Forse mai come in questa occasione la manovra economica si intreccia con quella politica, quasi oscurata da quest’ultima, giocata sullo sfondo del Def e del Pnr (Programma nazionale di riforme), nonché della “manovrina” di 3,4 miliardi di euro voluta da Bruxelles.
Il punto è che il Pd, in affanno di consensi, non può rischiare di presentarsi alle elezioni, in ogni caso molto prossime, come l’esecutore inflessibile di una politica rigorista a fronte di un’economia con ritmi da bradipo. E il suo segretario-padrone, Renzi, non può mancare l’appuntamento rigeneratore delle primarie del 30 aprile, dopo gli schiaffi presi dal plebiscito capovolto del 4 di dicembre. D’altro canto il governo fotocopia giorno dopo giorno rafforza la sua crescente ambizione di durare fino alla morte naturale della legislatura. Come insegna l’indecente vicenda del voto di fiducia sui decreti Minniti-Orlando.
Così è andato in scena un ministro Padoan prono ai diktat europei e di un Renzi fautore di un surplus di flessibilità. Il primo ha cercato l’appoggio preventivo alle misure approvate ieri dal CdM da parte di Dombrovskis, vicepresidente della Commissione europea e di Pierre Moscovici, commissario agli Affari economici.

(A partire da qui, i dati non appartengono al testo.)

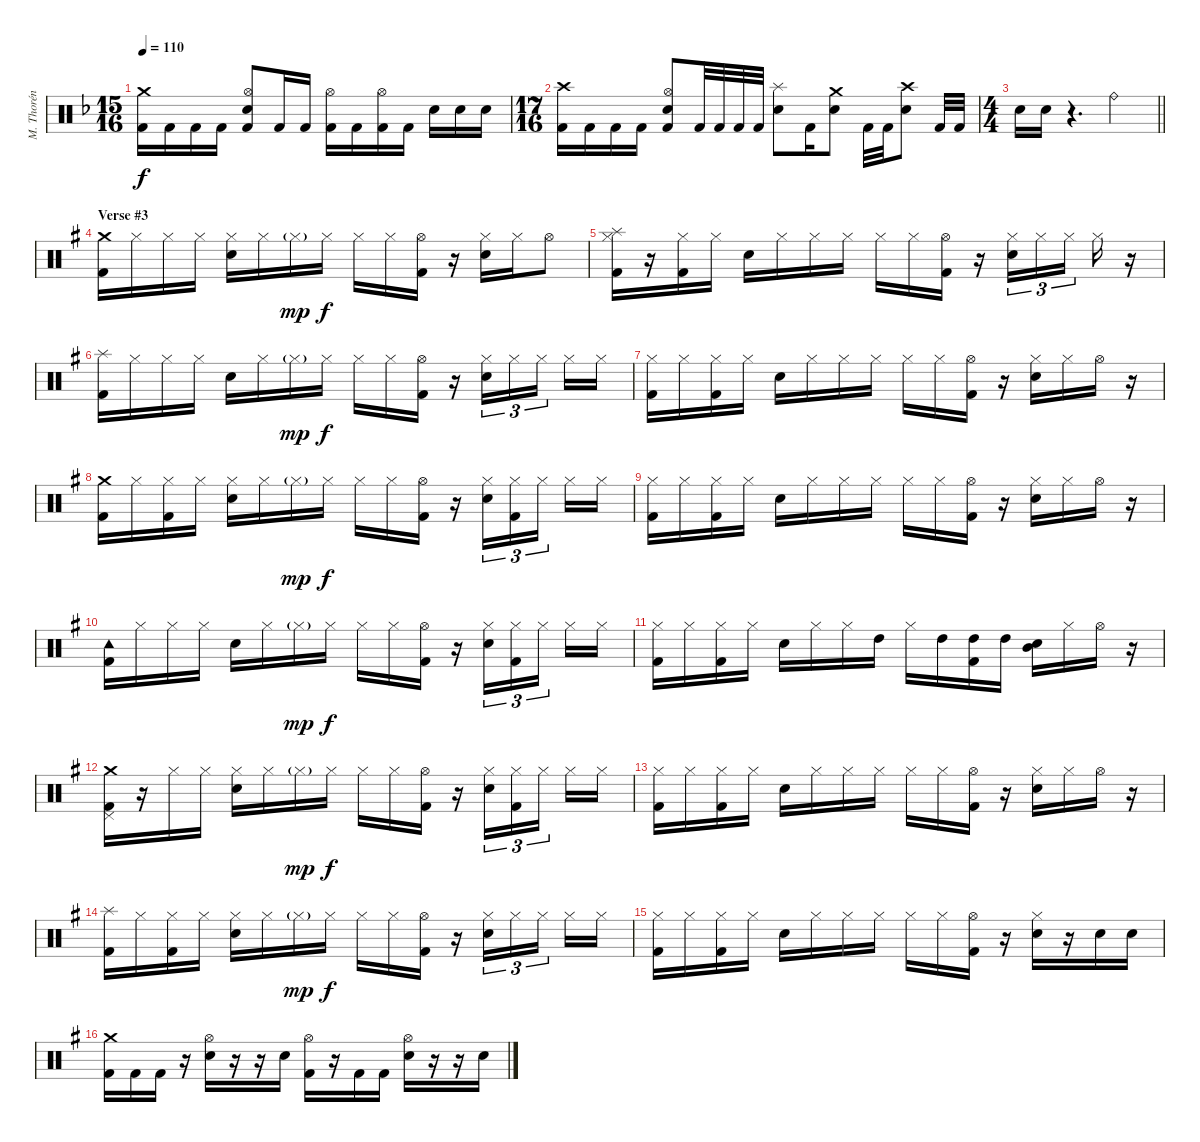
\track ("M. Thorén (Drums)" "M. Thorén ") {instrument percussion}
\staff {score}
\articulation defaults
\ts (15 16)
\tempo 110
\clef neutral
\ks dminor
("Crash medium (hit)" "Kick (hit) 2").16{dy f} "Kick (hit) 2".16 "Kick (hit) 2".16 "Kick (hit) 2".16 ("Hi-Hat (open)" "Electric Snare (hit)" "Kick (hit) 2").8 "Kick (hit) 2".16 "Kick (hit) 2".16 ("Hi-Hat (open)" "Kick (hit) 2").16 "Kick (hit) 2".16 ("Hi-Hat (open)" "Kick (hit) 2").16 "Kick (hit) 2".16 "Electric Snare (hit)".16 "Electric Snare (hit)".16 "Electric Snare (hit)".16 |
\ts (17 16)
("Crash high (hit)" "Kick (hit) 2").16 "Kick (hit) 2".16 "Kick (hit) 2".16 "Kick (hit) 2".16 ("Hi-Hat (open)" "Electric Snare (hit)" "Kick (hit) 2").8 "Kick (hit) 2".32 "Kick (hit) 2".32 "Kick (hit) 2".32 "Kick (hit) 2".32 ("Splash (hit)" "Electric Snare (hit)").8 "Kick (hit) 2".16 ("Crash medium (hit)" "Electric Snare (hit)").8 "Kick (hit) 2".32 "Kick (hit) 2".32 ("Crash high (hit)" "Electric Snare (hit)").8 "Kick (hit) 2".32 "Kick (hit) 2".32 |
\ts (4 4)
\barLineRight lightlight "Electric Snare (hit)".16 "Electric Snare (hit)".16
r.4{d} "Ride (bell)".2 |
\section ("" "Verse #3")
\ks eminor
("Crash medium (hit)" "Kick (hit) 2").16 "Hi-Hat (closed)".16 "Hi-Hat (closed)".16 "Hi-Hat (closed)".16 ("Hi-Hat (closed)" "Electric Snare (hit)").16 "Hi-Hat (closed)".16 "Hi-Hat (closed)"{g}.16{dy mp} "Hi-Hat (closed)".16{dy f} "Hi-Hat (closed)".16 "Hi-Hat (closed)".16 ("Hi-Hat (open)" "Kick (hit) 2").16 r.16 ("Hi-Hat (closed)" "Electric Snare (hit)").16 "Hi-Hat (closed)".16 "Hi-Hat (open)".8 |
("Splash (hit)" "Hi-Hat (closed)" "Kick (hit) 2").16 r.16 ("Hi-Hat (closed)" "Kick (hit) 2").16 "Hi-Hat (closed)".16 "Electric Snare (hit)".16 "Hi-Hat (closed)".16 "Hi-Hat (closed)".16 "Hi-Hat (closed)".16 "Hi-Hat (closed)".16 "Hi-Hat (closed)".16 ("Hi-Hat (open)" "Kick (hit) 2").16 r.16 ("Hi-Hat (closed)" "Electric Snare (hit)").16{tu (3 2)} "Hi-Hat (closed)".16{tu (3 2)} "Hi-Hat (closed)".16{tu (3 2) beam splitsecondary} "Hi-Hat (closed)".16 r.16 |
("Splash (hit)" "Kick (hit) 2").16 "Hi-Hat (closed)".16 "Hi-Hat (closed)".16 "Hi-Hat (closed)".16 "Electric Snare (hit)".16 "Hi-Hat (closed)".16 "Hi-Hat (closed)"{g}.16{dy mp} "Hi-Hat (closed)".16{dy f} "Hi-Hat (closed)".16 "Hi-Hat (closed)".16 ("Hi-Hat (open)" "Kick (hit) 2").16 r.16 ("Hi-Hat (closed)" "Electric Snare (hit)").16{tu (3 2)} "Hi-Hat (closed)".16{tu (3 2)} "Hi-Hat (closed)".16{tu (3 2) beam splitsecondary} "Hi-Hat (closed)".16 "Hi-Hat (closed)".16 |
("Hi-Hat (closed)" "Kick (hit) 2").16 "Hi-Hat (closed)".16 ("Hi-Hat (closed)" "Kick (hit) 2").16 "Hi-Hat (closed)".16 "Electric Snare (hit)".16 "Hi-Hat (closed)".16 "Hi-Hat (closed)".16 "Hi-Hat (closed)".16 "Hi-Hat (closed)".16 "Hi-Hat (closed)".16 ("Hi-Hat (open)" "Kick (hit) 2").16 r.16 ("Hi-Hat (closed)" "Electric Snare (hit)").16 "Hi-Hat (closed)".16 "Hi-Hat (open)".16 r.16 |
("Crash medium (hit)" "Kick (hit) 2").16 "Hi-Hat (closed)".16 ("Hi-Hat (closed)" "Kick (hit) 2").16 "Hi-Hat (closed)".16 ("Hi-Hat (closed)" "Electric Snare (hit)").16 "Hi-Hat (closed)".16 "Hi-Hat (closed)"{g}.16{dy mp} "Hi-Hat (closed)".16{dy f} "Hi-Hat (closed)".16 "Hi-Hat (closed)".16 ("Hi-Hat (open)" "Kick (hit) 2").16 r.16 ("Hi-Hat (closed)" "Electric Snare (hit)").16{tu (3 2)} ("Hi-Hat (closed)" "Kick (hit) 2").16{tu (3 2)} "Hi-Hat (closed)".16{tu (3 2) beam splitsecondary} "Hi-Hat (closed)".16 "Hi-Hat (closed)".16 |
("Hi-Hat (closed)" "Kick (hit) 2").16 "Hi-Hat (closed)".16 ("Hi-Hat (closed)" "Kick (hit) 2").16 "Hi-Hat (closed)".16 "Electric Snare (hit)".16 "Hi-Hat (closed)".16 "Hi-Hat (closed)".16 "Hi-Hat (closed)".16 "Hi-Hat (closed)".16 "Hi-Hat (closed)".16 ("Hi-Hat (open)" "Kick (hit) 2").16 r.16 ("Hi-Hat (closed)" "Electric Snare (hit)").16 "Hi-Hat (closed)".16 "Hi-Hat (open)".16 r.16 |
("Tambourine (hit)" "Kick (hit) 2").16 "Hi-Hat (closed)".16 "Hi-Hat (closed)".16 "Hi-Hat (closed)".16 "Electric Snare (hit)".16 "Hi-Hat (closed)".16 "Hi-Hat (closed)"{g}.16{dy mp} "Hi-Hat (closed)".16{dy f} "Hi-Hat (closed)".16 "Hi-Hat (closed)".16 ("Hi-Hat (open)" "Kick (hit) 2").16 r.16 ("Hi-Hat (closed)" "Electric Snare (hit)").16{tu (3 2)} ("Hi-Hat (closed)" "Kick (hit) 2").16{tu (3 2)} "Hi-Hat (closed)".16{tu (3 2) beam splitsecondary} "Hi-Hat (closed)".16 "Hi-Hat (closed)".16 |
("Hi-Hat (closed)" "Kick (hit) 2").16 "Hi-Hat (closed)".16 ("Hi-Hat (closed)" "Kick (hit) 2").16 "Hi-Hat (closed)".16 "Electric Snare (hit)".16 "Hi-Hat (closed)".16 "Hi-Hat (closed)".16 "High Tom (hit)".16 "Hi-Hat (closed)".16 "High Tom (hit)".16 ("High Tom (hit)" "Kick (hit) 2").16 "High Tom (hit)".16 ("Mid Tom (hit)" "Electric Snare (hit)").16 "Hi-Hat (closed)".16 "Hi-Hat (open)".16 r.16 |
("Crash medium (hit)" "Pedal Hi-Hat (hit)" "Kick (hit) 2").16 r.16 "Hi-Hat (closed)".16 "Hi-Hat (closed)".16 ("Hi-Hat (closed)" "Electric Snare (hit)").16 "Hi-Hat (closed)".16 "Hi-Hat (closed)"{g}.16{dy mp} "Hi-Hat (closed)".16{dy f} "Hi-Hat (closed)".16 "Hi-Hat (closed)".16 ("Hi-Hat (open)" "Kick (hit) 2").16 r.16 ("Hi-Hat (closed)" "Electric Snare (hit)").16{tu (3 2)} ("Hi-Hat (closed)" "Kick (hit) 2").16{tu (3 2)} "Hi-Hat (closed)".16{tu (3 2) beam splitsecondary} "Hi-Hat (closed)".16 "Hi-Hat (closed)".16 |
("Hi-Hat (closed)" "Kick (hit) 2").16 "Hi-Hat (closed)".16 ("Hi-Hat (closed)" "Kick (hit) 2").16 "Hi-Hat (closed)".16 "Electric Snare (hit)".16 "Hi-Hat (closed)".16 "Hi-Hat (closed)".16 "Hi-Hat (closed)".16 "Hi-Hat (closed)".16 "Hi-Hat (closed)".16 ("Hi-Hat (open)" "Kick (hit) 2").16 r.16 ("Hi-Hat (closed)" "Electric Snare (hit)").16 "Hi-Hat (closed)".16 "Hi-Hat (open)".16 r.16 |
("Splash (hit)" "Kick (hit) 2").16 "Hi-Hat (closed)".16 ("Hi-Hat (closed)" "Kick (hit) 2").16 "Hi-Hat (closed)".16 ("Hi-Hat (closed)" "Electric Snare (hit)").16 "Hi-Hat (closed)".16 "Hi-Hat (closed)"{g}.16{dy mp} "Hi-Hat (closed)".16{dy f} "Hi-Hat (closed)".16 "Hi-Hat (closed)".16 ("Hi-Hat (open)" "Kick (hit) 2").16 r.16 ("Hi-Hat (closed)" "Electric Snare (hit)").16{tu (3 2)} "Hi-Hat (closed)".16{tu (3 2)} "Hi-Hat (closed)".16{tu (3 2) beam splitsecondary} "Hi-Hat (closed)".16 "Hi-Hat (closed)".16 |
("Hi-Hat (closed)" "Kick (hit) 2").16 "Hi-Hat (closed)".16 ("Hi-Hat (closed)" "Kick (hit) 2").16 "Hi-Hat (closed)".16 "Electric Snare (hit)".16 "Hi-Hat (closed)".16 "Hi-Hat (closed)".16 "Hi-Hat (closed)".16 "Hi-Hat (closed)".16 "Hi-Hat (closed)".16 ("Hi-Hat (open)" "Kick (hit) 2").16 r.16 ("Hi-Hat (closed)" "Electric Snare (hit)").16 r.16 "Electric Snare (hit)".16 "Electric Snare (hit)".16 |
("Crash medium (hit)" "Kick (hit) 2").16 "Kick (hit) 2".16 "Kick (hit) 2".16 r.16 ("Hi-Hat (open)" "Electric Snare (hit)").16 r.16 r.16 "Electric Snare (hit)".16 ("Hi-Hat (open)" "Kick (hit) 2").16 r.16 "Kick (hit) 2".16 "Kick (hit) 2".16 ("Hi-Hat (open)" "Electric Snare (hit)").16 r.16 r.16 "Electric Snare (hit)".16

E lo ha ottenuto, come era prevedibile. Dal momento che o l’Italia accettava il capestro della manovrina aggiuntiva o si esponeva alle conseguenze delle procedure d’infrazione.
Ma la demagogia di Renzi non poteva spingersi fino a questo punto. Se non altro perché si sarebbe ripercosso sul dopo. Perché la vera partita non si gioca ora sul Def quanto sul Nadef di autunno, ovvero, al di là della cacofonia degli acronimi, sulla Nota di aggiornamento del documento di politica economico finanziaria. Il governo è atteso al varco delle cosiddette clausole di salvaguardia, pari a 19,5 miliardi di gettito annuo derivante dall’incremento dell’Iva dal 10 al 13% e dal 22 al 25%. Una mazzata per i consumi, per chi ha redditi più bassi e per l’economia nel suo complesso. Il tutto tra settembre e ottobre. E il governo spera che per allora si concluda l’istruttoria avviata a livello europeo per la revisione dei criteri che determinano il valore del deficit strutturale.
Intanto Padoan ha maggiorato di un decimale la previsione di crescita, dall’1 al 1,1%, ma in compenso ha ridimensionato quelle relative agli anni a seguire. Per il 2018 dall’1,3 all’1%, per il 2019 dall’1,2 all’1%. La colpa sarebbe di una politica fiscale particolarmente stringente, che “fa parte degli accordi europei” che né il governo né il Pd, al di là delle sceneggiate, hanno alcuna intenzione di modificare.
E quest’anno si dovrà decidere se integrare o meno il Fiscal compact nell’ordinamento Ue. Il Pd – in coerenza con il suo fanatismo rigorista che lo spinse alla costituzionalizzazione del pareggio di bilancio – nel febbraio scorso ha già votato nel parlamento europeo per farlo. Il che pregiudicherebbe le politiche di bilancio per i prossimi venti anni, vista l’elevata differenza del nostro debito dall’obbiettivo del 60%, livello al quale si vorrebbe ridurlo.
La follia sta per diventare realtà, se non si svilupperà una coerente opposizione di popoli e paesi.
Nella conferenza stampa Padoan ha celebrato le politiche di “benessere e di inclusione sociale”. Non si vede quali, a meno che non intendesse i bonus che hanno fatto la fine a tutti nota. E’ impossibile praticare simili politiche senza un rilancio degli investimenti. E quelli pubblici dovrebbero trainare quelli privati. Ovviamente bisogna intervenire nelle zone terremotate – su cui si costruiscono contenziosi con la Ue – ma il tema degli investimenti è ben altro.
Gli investimenti in Italia sono al di sotto dei livelli pre-crisi del 2008 (-28%). La componente pubblica degli stessi è in picchiata: dal 2009 un 35% in meno. Eppure l’ effetto moltiplicatore di buoni investimenti pubblici è più del doppio di quello che si ottiene con trasferimenti e detassazioni. Un investimento pubblico partito in deficit, in settori innovativi, che fanno bene all’ambiente e all’occupazione, in un biennio può autofinanziarsi, grazie all’effetto espansivo. Se si vuole benessere e inclusione di questo bisognerebbe parlare e decidere. Ma ci vorrebbe un’altra classe politica. Non un governo fotocopia.